# having holiday together with ex in laws



## Amy G (Apr 26, 2011)

Hi,
Funny story.... We are off to see his inlaws for a couple of weeks and to play happy families.

I agreed as his parents are very nice, but I hate staying in their house but there has never been an option to stay elsewhere, and he refuses to understand why I feel crowded in their house with our 4 children and them being elderly and sick. 

As they are both sick, I agreed to go and take my children, as I think they need to see g/parents and there may not be many chances. Also no way was I staying home for Xmas with no children. (we have to travel interstate)

We have lived separetely for 8 months and have seen a counsellor, but currently he has too much else on his mind to continue. Once our house is sold it would help but we still haven't decided to buy one or 2 houses with the proceeds!!

He has 2 children from a previous, whom I brought up, and as they are both teenage girls, another problem all together. 

I was annoyed when his mother asked about sleeping arrangements he said we would share with no consulting me. He told me about the call afterwards.

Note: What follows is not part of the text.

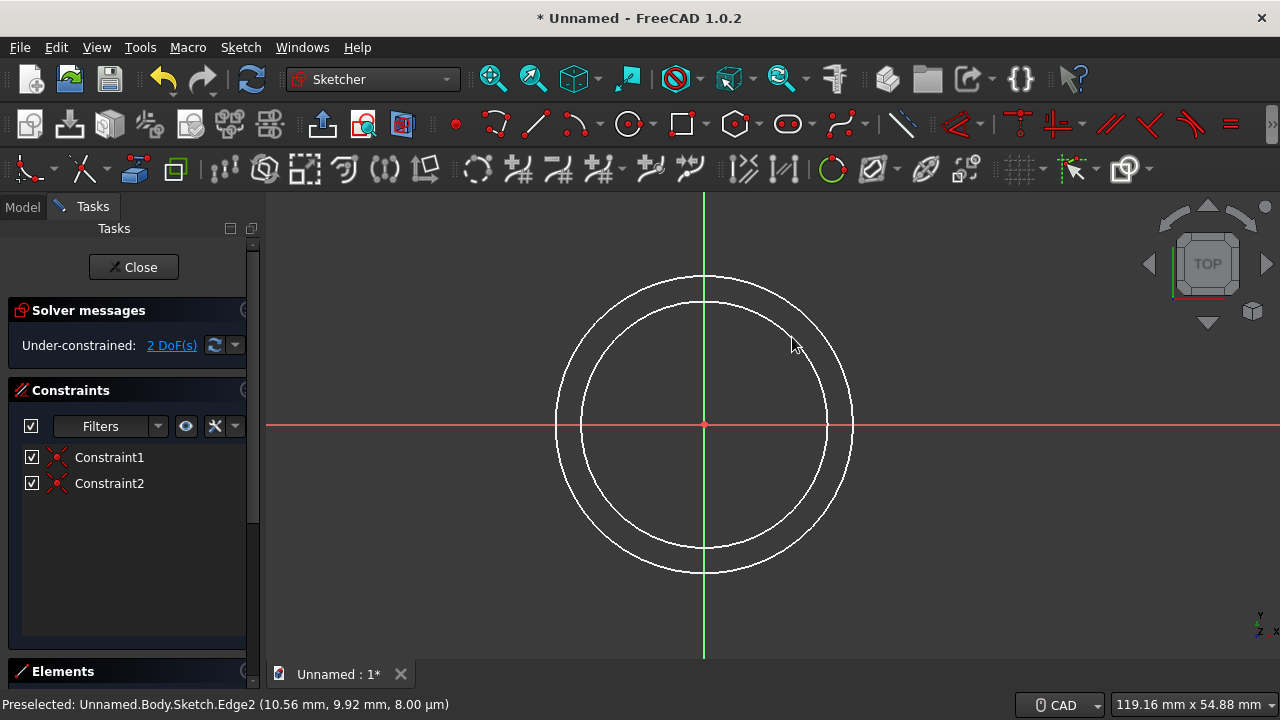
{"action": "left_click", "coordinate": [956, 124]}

He seems to want me back, but these things show he has not changed. He wants the children, housekeeper and nanny more than a wife, though I am sure he has missed someone to sleep with. Probably why he wants to share a room.... Neither of us have a new partner and we have tried to keep it al friendly for the kids and if we do get back together again.

I am still confused as apart from moving out we have no arrangements in place. He gives me no money but the business pays some of my bills. He sees the kids most weekends, but only if it suits both of us, otherwise he doesn't. 

So anyway I just thought I would share my holiday plans and maybe get a few thoughts to help me / us through these 2 weeks would be helpful....


----------



## EleGirl (Dec 3, 2011)

If you feel crowded at their house, maybe you can plan some time out just for you. Do you know anyone in the town you could visit some? If not maybe a pamering visit to a spa? a hair dresser? or just a long walk?


----------



## Amy G (Apr 26, 2011)

Good idea. leaving g/ parents with kids for a short while would probably be OK. (Their dad is usually out with his brothers) Usually I feel so responsible for their behaviour (or lack of!!) I don't like leaving them unsupervised (out of habit maybe as well). They are older now, and may behave better. 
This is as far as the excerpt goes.